Data items
__________________________________________________
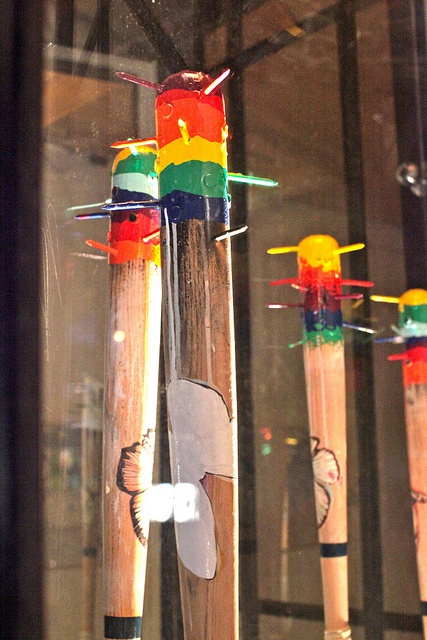Describe the objects in this image and their specific colors. I can see baseball bat in black, brown, darkgray, tan, and white tones, baseball bat in black, salmon, and tan tones, baseball bat in black, tan, and gold tones, and baseball bat in black, salmon, red, and brown tones in this image. 
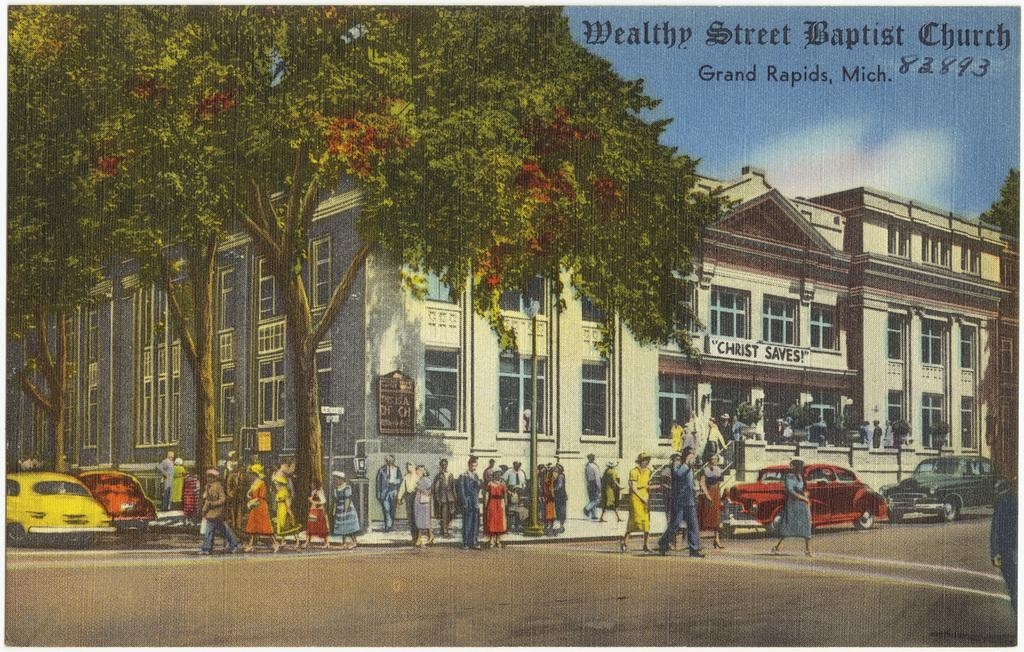What can be seen hanging on the wall in the image? There is a poster visible on the wall in the image. Who or what can be seen in the image? There are people visible in the image. What is happening on the road in the image? Vehicles are present on the road in the image. What can be seen in the distance in the image? There is a building and trees visible in the background of the image. What is written on the building in the background? There is some text present on the building in the background. What type of cable can be seen connecting the people in the image? There is no cable connecting the people in the image; they are not physically connected. What class is being taught in the image? There is no class being taught in the image; it does not depict a learning environment. 
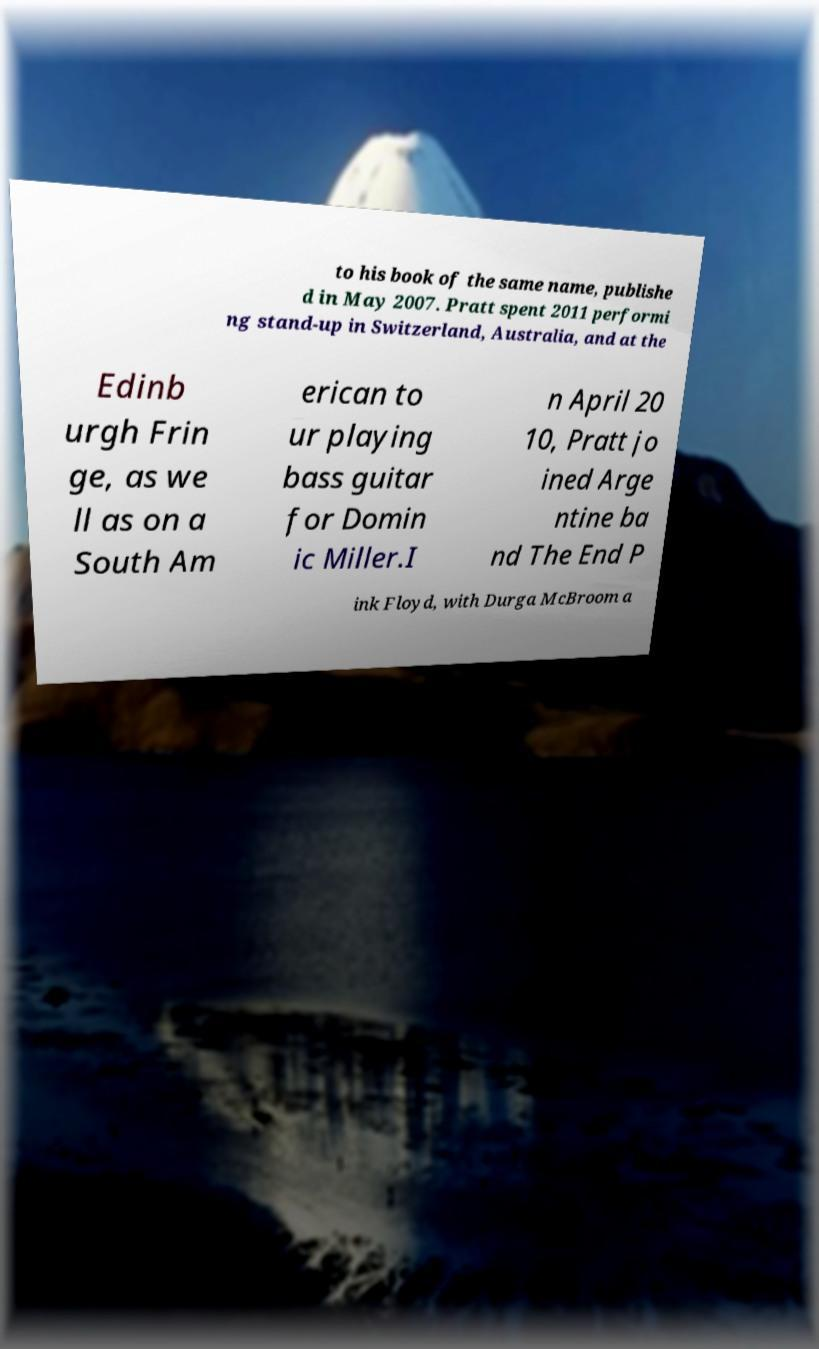I need the written content from this picture converted into text. Can you do that? to his book of the same name, publishe d in May 2007. Pratt spent 2011 performi ng stand-up in Switzerland, Australia, and at the Edinb urgh Frin ge, as we ll as on a South Am erican to ur playing bass guitar for Domin ic Miller.I n April 20 10, Pratt jo ined Arge ntine ba nd The End P ink Floyd, with Durga McBroom a 
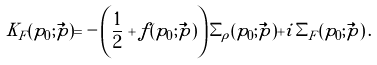<formula> <loc_0><loc_0><loc_500><loc_500>K _ { F } ( p _ { 0 } ; \vec { p } ) = - \left ( \frac { 1 } { 2 } + f ( p _ { 0 } ; \vec { p } ) \right ) \Sigma _ { \rho } ( p _ { 0 } ; \vec { p } ) + i \, \Sigma _ { F } ( p _ { 0 } ; \vec { p } ) \, .</formula> 
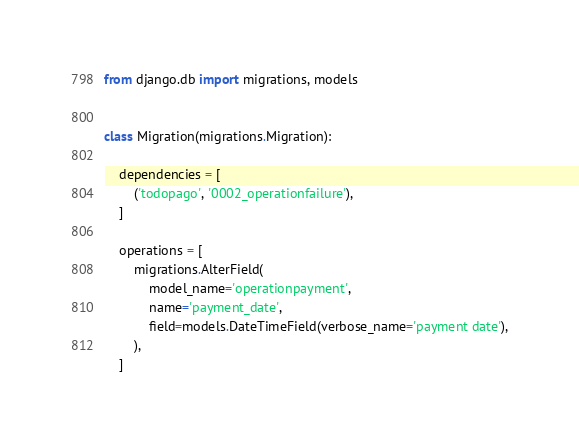<code> <loc_0><loc_0><loc_500><loc_500><_Python_>from django.db import migrations, models


class Migration(migrations.Migration):

    dependencies = [
        ('todopago', '0002_operationfailure'),
    ]

    operations = [
        migrations.AlterField(
            model_name='operationpayment',
            name='payment_date',
            field=models.DateTimeField(verbose_name='payment date'),
        ),
    ]
</code> 
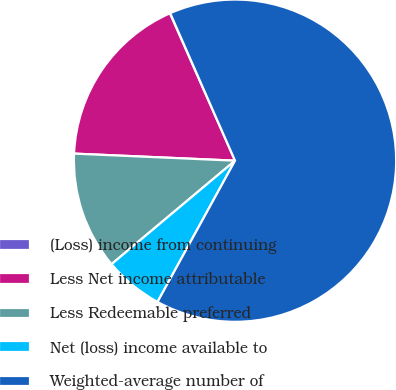Convert chart. <chart><loc_0><loc_0><loc_500><loc_500><pie_chart><fcel>(Loss) income from continuing<fcel>Less Net income attributable<fcel>Less Redeemable preferred<fcel>Net (loss) income available to<fcel>Weighted-average number of<nl><fcel>0.03%<fcel>17.68%<fcel>11.8%<fcel>5.91%<fcel>64.58%<nl></chart> 
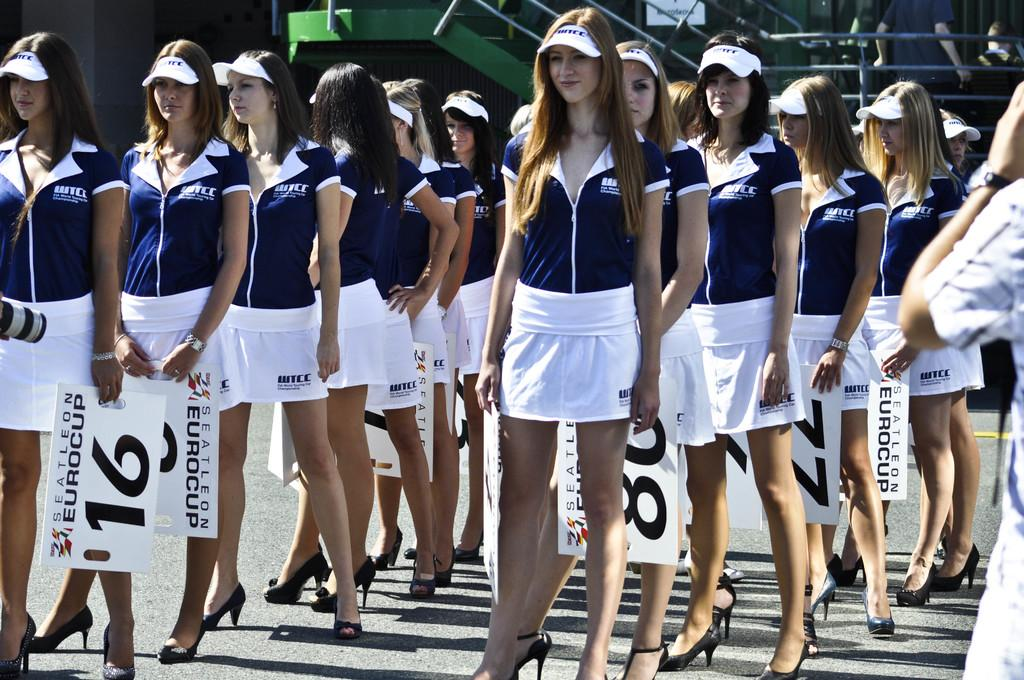<image>
Render a clear and concise summary of the photo. Women in blue shirts and white skirts stand in rows holding signs that say SEATTLEON EUROCUP. 
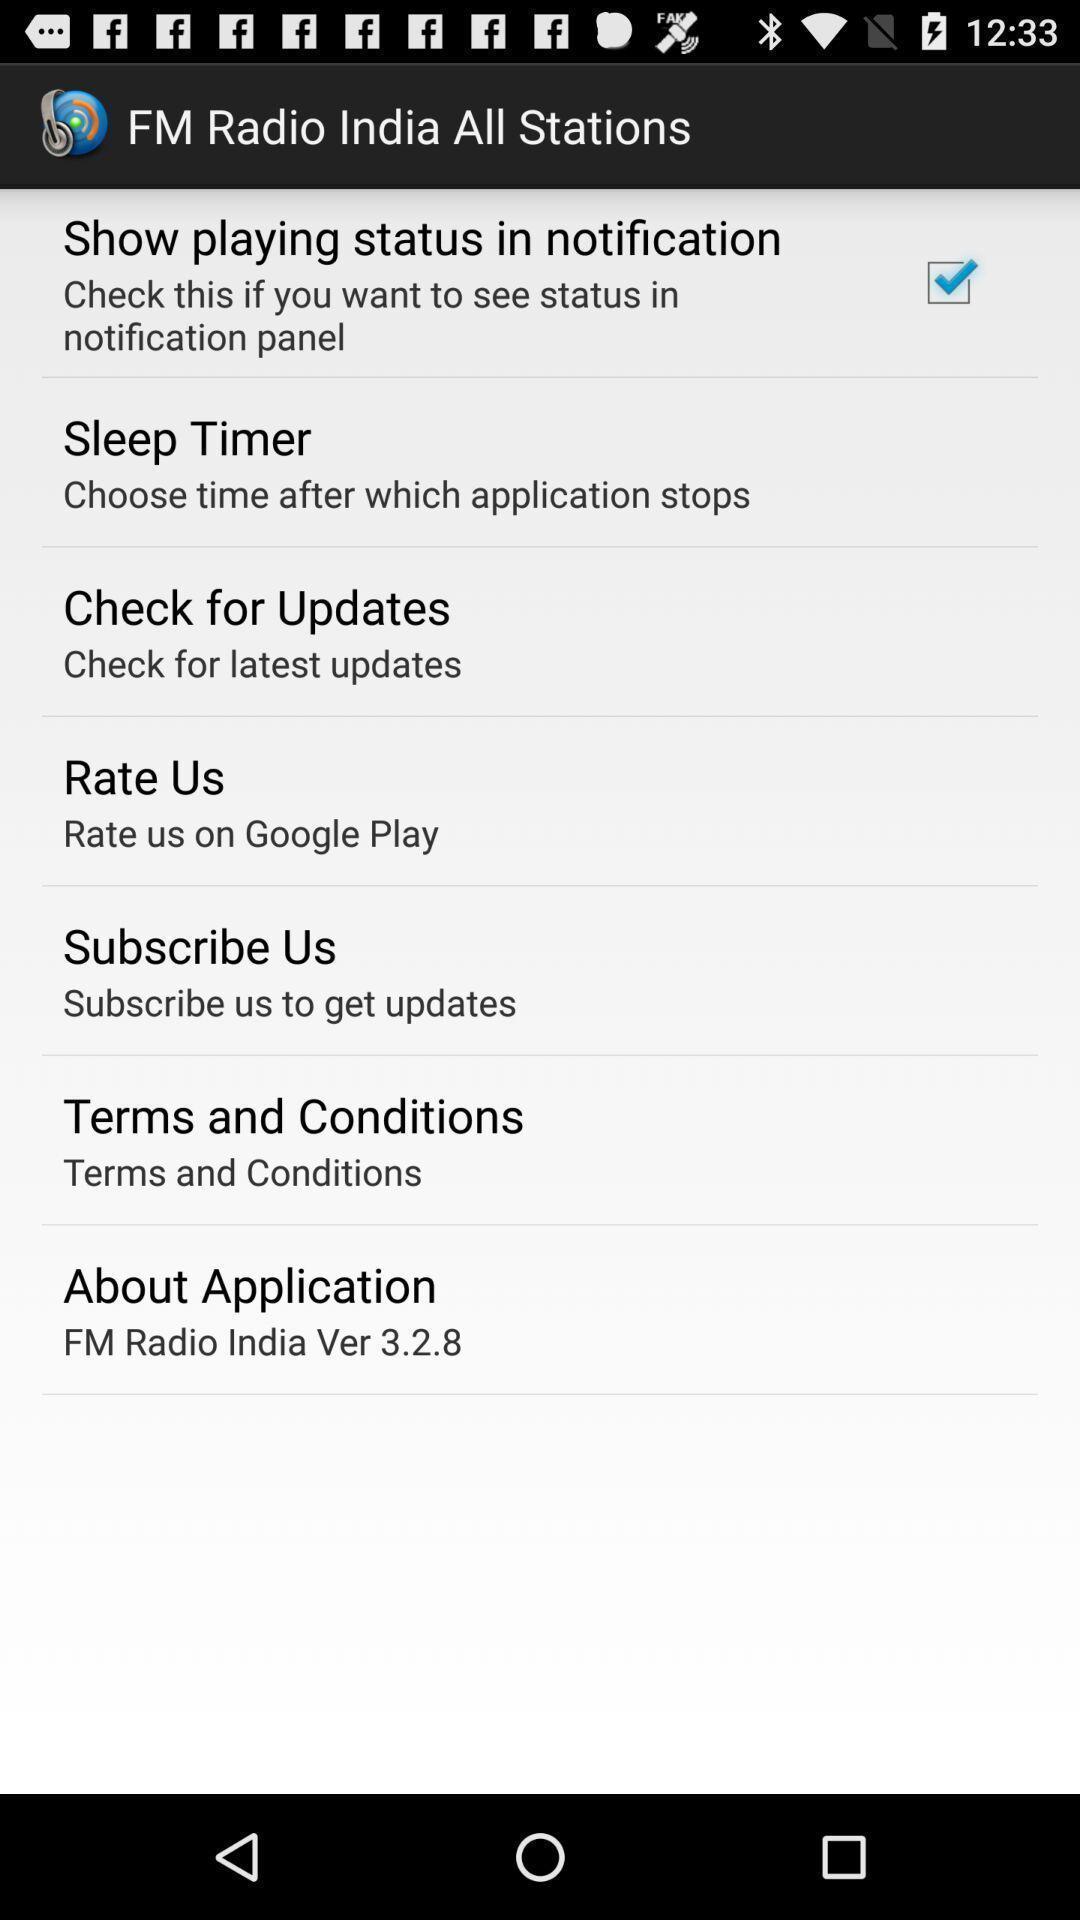Please provide a description for this image. Settings page of a radio app. 
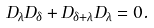Convert formula to latex. <formula><loc_0><loc_0><loc_500><loc_500>D _ { \lambda } D _ { \delta } + D _ { \delta + \lambda } D _ { \lambda } = 0 .</formula>
__________________________________________________
▶ **TASK DIRECTIONS**
Omitting all images, retype each line of the records precisely.

▶ **PROBLEM SOLUTION**
Describe the objects in this image and their specific colors. I can see baseball bat in black, brown, darkgray, tan, and white tones, baseball bat in black, salmon, and tan tones, baseball bat in black, tan, and gold tones, and baseball bat in black, salmon, red, and brown tones in this image. 
What can be seen hanging on the wall in the image? There is a poster visible on the wall in the image. Who or what can be seen in the image? There are people visible in the image. What is happening on the road in the image? Vehicles are present on the road in the image. What can be seen in the distance in the image? There is a building and trees visible in the background of the image. What is written on the building in the background? There is some text present on the building in the background. What type of cable can be seen connecting the people in the image? There is no cable connecting the people in the image; they are not physically connected. What class is being taught in the image? There is no class being taught in the image; it does not depict a learning environment. 
I need the written content from this picture converted into text. Can you do that? to his book of the same name, publishe d in May 2007. Pratt spent 2011 performi ng stand-up in Switzerland, Australia, and at the Edinb urgh Frin ge, as we ll as on a South Am erican to ur playing bass guitar for Domin ic Miller.I n April 20 10, Pratt jo ined Arge ntine ba nd The End P ink Floyd, with Durga McBroom a 
<formula> <loc_0><loc_0><loc_500><loc_500>K _ { F } ( p _ { 0 } ; \vec { p } ) = - \left ( \frac { 1 } { 2 } + f ( p _ { 0 } ; \vec { p } ) \right ) \Sigma _ { \rho } ( p _ { 0 } ; \vec { p } ) + i \, \Sigma _ { F } ( p _ { 0 } ; \vec { p } ) \, .</formula> 
<code> <loc_0><loc_0><loc_500><loc_500><_Python_>from django.db import migrations, models


class Migration(migrations.Migration):

    dependencies = [
        ('todopago', '0002_operationfailure'),
    ]

    operations = [
        migrations.AlterField(
            model_name='operationpayment',
            name='payment_date',
            field=models.DateTimeField(verbose_name='payment date'),
        ),
    ]
</code> 
Convert chart. <chart><loc_0><loc_0><loc_500><loc_500><pie_chart><fcel>(Loss) income from continuing<fcel>Less Net income attributable<fcel>Less Redeemable preferred<fcel>Net (loss) income available to<fcel>Weighted-average number of<nl><fcel>0.03%<fcel>17.68%<fcel>11.8%<fcel>5.91%<fcel>64.58%<nl></chart> 
<image>
Render a clear and concise summary of the photo. Women in blue shirts and white skirts stand in rows holding signs that say SEATTLEON EUROCUP. 
Please provide a description for this image. Settings page of a radio app. 
Convert formula to latex. <formula><loc_0><loc_0><loc_500><loc_500>D _ { \lambda } D _ { \delta } + D _ { \delta + \lambda } D _ { \lambda } = 0 .</formula>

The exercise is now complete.